Читаем Век мой, зверь мой. Осип Мандельштам. Биография полностью

Мир «Шума времени», хотя и обреченный на умирание, еще напоен музыкой, тогда как в «Египетской мраке» непрестанно подчеркивается отсутствие музыки, ее исчезновение и уход. Мелькающая в круговороте образов судьба итальянской певицы Анджолины Бозио, умершей в 1859 году в Петербурге от воспаления легких, становится символом гибнущего на морозе пения. «Египетская марка» содержит и намек на смерть другого певца — Александра Пушкина, жертву светских интриг, обернувшихся смертельной дуэлью: «Тут был Пушкин с кривым лицом…» (II, 468). Мандельштам воспринимал эту смерть как преступление против русской культуры, определившее череду убийств русских поэтов в будущем. Смерть певца и певицы видится в «Египетской марке» неотвратимой. Визионерская глубина этого произведения становится очевидной, если иметь в виду судьбу самого Мандельштама. За десять лет до рокового конца он предвосхитил в гнетущих, гротескных образах и «порыв», и «гибель». Может быть, Надежда Мандельштам потому и не любила этот плод кризисных галлюцинаций, что боялась мучительной точности заключенного в нем предвидения. Впрочем, есть в «Египетской марке» одно признание, оставляющее проблеск надежды: «И страшно жить, и хорошо!» (II, 479) [238].

Лето 1927 года супружеская пара проводит в Детском Селе.

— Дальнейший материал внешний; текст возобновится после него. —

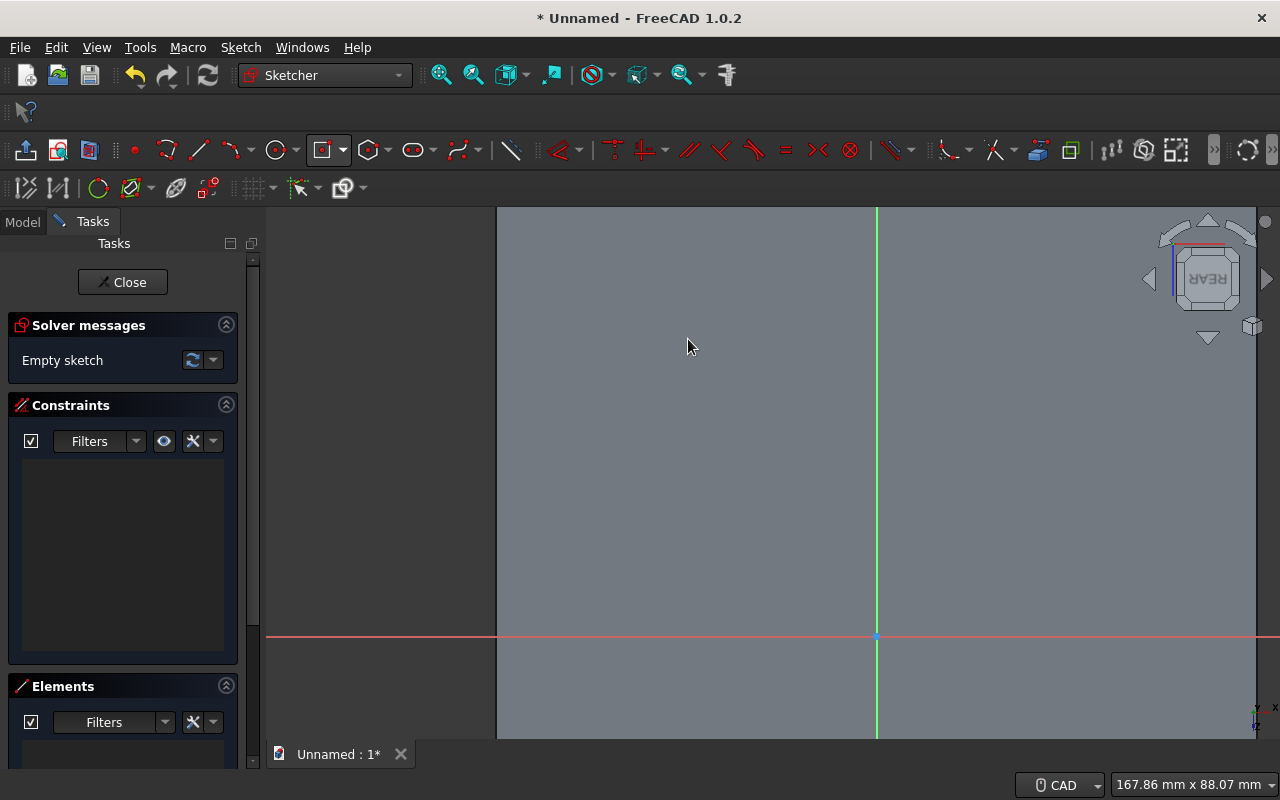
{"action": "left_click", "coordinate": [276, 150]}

Здесь они знакомятся с людьми, которых Мандельштам высоко ценил, например, — с актером и режиссером Владимиром Яхонтовым, работавшим в знаменитом театре Мейерхольда. Теперь же Яхонтов основал свой театр «Современник», театр одного актера, где выступал с концертными программами, смонтированными из текстов русских классиков Пушкина и Гоголя, а также — с программой-монтажом, посвященной Ленину. Мандельштам пишет о Яхонтове прозаический очерк, который между прочим дает возможность бросить взгляд и на его собственный подход к классике: «Наши классики — это пороховой погреб, который еще не взорвался» (II, 460). Несмотря на политическую депрессию и творческий кризис, Мандельштам оставался общительным человеком и радовался новым знакомствам.

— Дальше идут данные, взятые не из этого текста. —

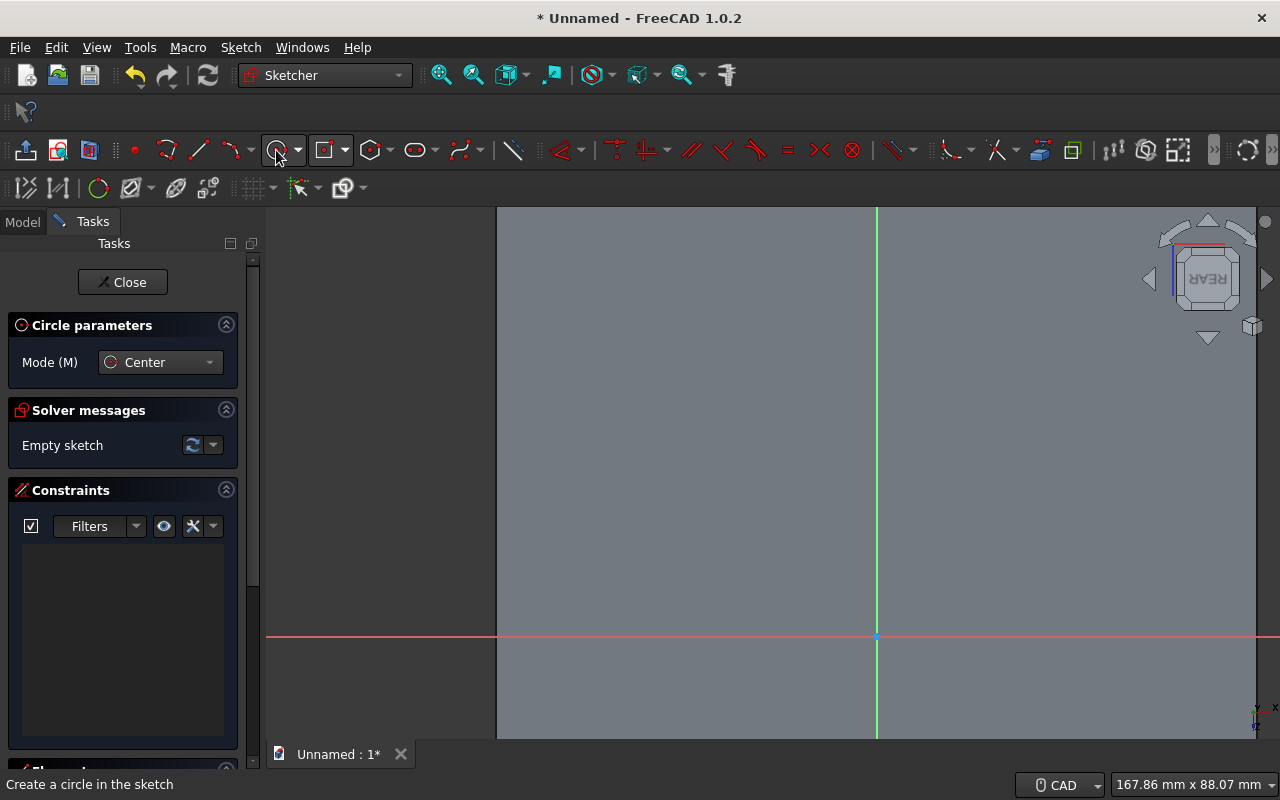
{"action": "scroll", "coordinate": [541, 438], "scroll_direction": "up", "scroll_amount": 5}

Лето кончилось, и Надежда должна была вновь отправиться на юг: ей по-прежнему нездоровилось. Мандельштам присоединяется к ней в конце октября. Вместе они совершают путешествие в Сухуми, абхазский город на Черном море, и в Армавир на Кубани, где в то время жил Александр Мандельштам, брат поэта, нашедший себе работу в этом городе. О возможности заехать в Армавир Мандельштам мечтал еще в начале мая; оказавшись на короткое время в Москве, он писал брату в шутливом тоне:

«Вижу тебя, как ты сидишь в армянском кафе и мажешь на биллиарде. Мы нашли Армавир на карте и польщены его южным положением. Ты, как Печорин, поехал на Кавказ. Мне решительно нечем похваляться […] Сейчас мы тряхнули московской стариной, будто никогда и не уезжали. Видели всех своих чудаковатых знакомых. Восхищались автобусами и такси. Ели икру с бумаги на извозчике, подражая “растратчикам” [239]. […] бросай все к черту и приезжай к нам в Детское. У нас там солидный дом с ванной, прислугой и телефоном» (IV, 95).

«…Будто никогда и не уезжали»

Надежда Мандельштам в «детскосельский» период жизни (1927–1928)


Такие непринужденные и шаловливые письма встречаются у Мандельштама достаточно редко, хотя слова «мне решительно нечем похваляться» указывают на то, что «период молчания» продолжался. Мандельштама еще радуют поездки на автобусе и такси, дешевая икра… Однако эпоха Новой экономической политики неудержимо приближалась к концу. Благополучие Мандельштамов в Детском Селе (скорее, мнимое, нежели реальное), пришедшееся на 1927 год, доилось лишь недолгое время; впрочем, «одну-единственную зиму» у них действительно была кухарка, чудаковатая баптистка [240]. Она закупала продукты для супружеской пары, совершенно беспомощной в практических делах, и ухитрялась кормить их дешево и вкусно. Никогда они не жили так дешево, — вспоминает Надежда Мандельштам, — как под опекой Елены Ивановны, постоянно читавшей Библию [241].

Скромная «роскошь» Детского Села продолжалась недолго. Кроме того, живя в доме, где все напоминало о лицейской поре Пушкина, Мандельштам чувствовал себя неловко. Его робость, постоянно мешавшая ему говорить об этом поэте, была сродни неудобству, которое он испытывал, продолжая жить под пушкинской сенью. «…О. М. этим ужасно тяготился — ведь это почти святотатство! — и под первым же предлогом сбежал и обрек нас на очередную бездомность», — с упреком отмечает Надежда Мандельштам [242].